● Exercise directions: Exact transcription, pictures omitted: begin at the top line of the records below and end with the line bearing "Answer the mathemtical".

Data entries
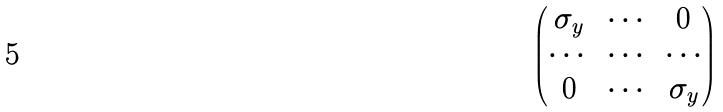<formula> <loc_0><loc_0><loc_500><loc_500>\begin{pmatrix} \sigma _ { y } & \cdots & 0 \\ \cdots & \cdots & \cdots \\ 0 & \cdots & \sigma _ { y } \end{pmatrix}</formula> 
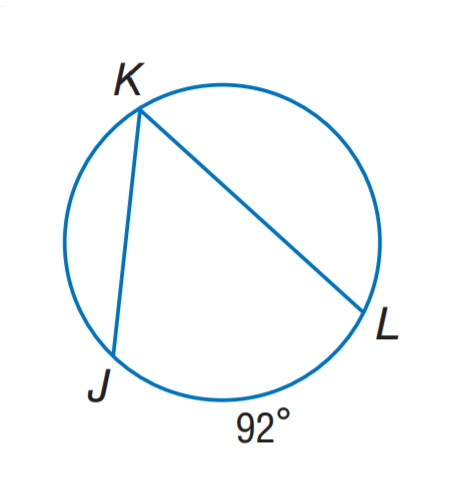Answer the mathemtical geometry problem and directly provide the correct option letter.
Question: Find m \angle K.
Choices: A: 46 B: 63 C: 69 D: 92 A 
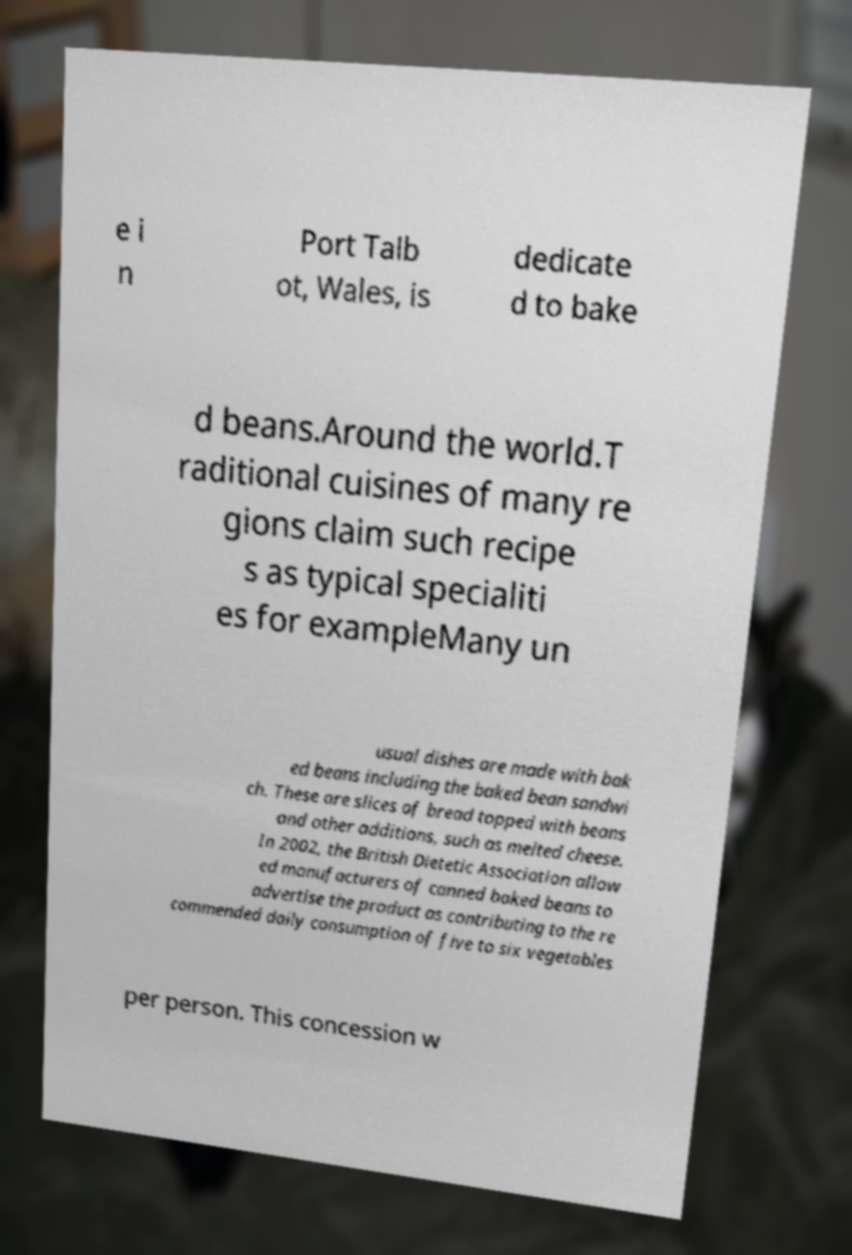Could you extract and type out the text from this image? e i n Port Talb ot, Wales, is dedicate d to bake d beans.Around the world.T raditional cuisines of many re gions claim such recipe s as typical specialiti es for exampleMany un usual dishes are made with bak ed beans including the baked bean sandwi ch. These are slices of bread topped with beans and other additions, such as melted cheese. In 2002, the British Dietetic Association allow ed manufacturers of canned baked beans to advertise the product as contributing to the re commended daily consumption of five to six vegetables per person. This concession w 
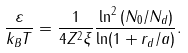<formula> <loc_0><loc_0><loc_500><loc_500>\frac { \varepsilon } { k _ { B } T } = \frac { 1 } { 4 Z ^ { 2 } \xi } \frac { \ln ^ { 2 } \left ( N _ { 0 } / N _ { d } \right ) } { \ln ( 1 + r _ { d } / a ) } .</formula> 
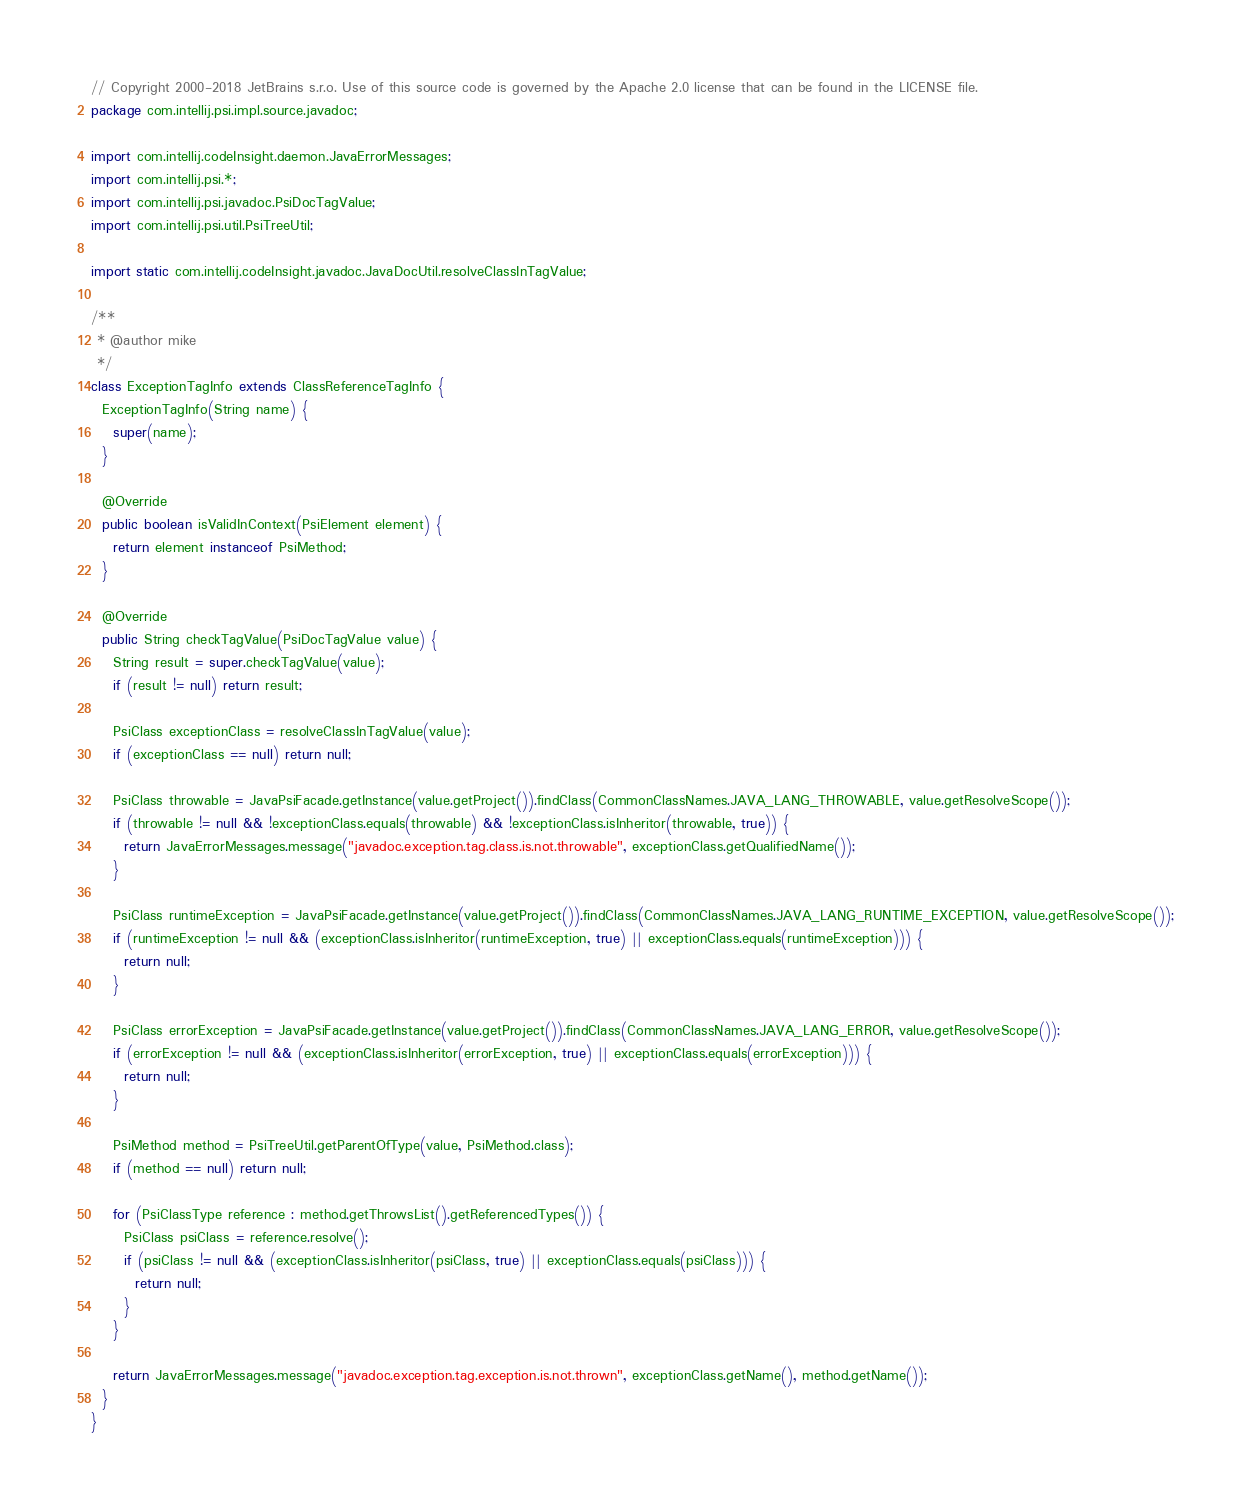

● Answer to this exercise:
<formula> <loc_0><loc_0><loc_500><loc_500>\begin{pmatrix} \sigma _ { y } & \cdots & 0 \\ \cdots & \cdots & \cdots \\ 0 & \cdots & \sigma _ { y } \end{pmatrix}</formula> 
Answer the mathemtical geometry problem and directly provide the correct option letter.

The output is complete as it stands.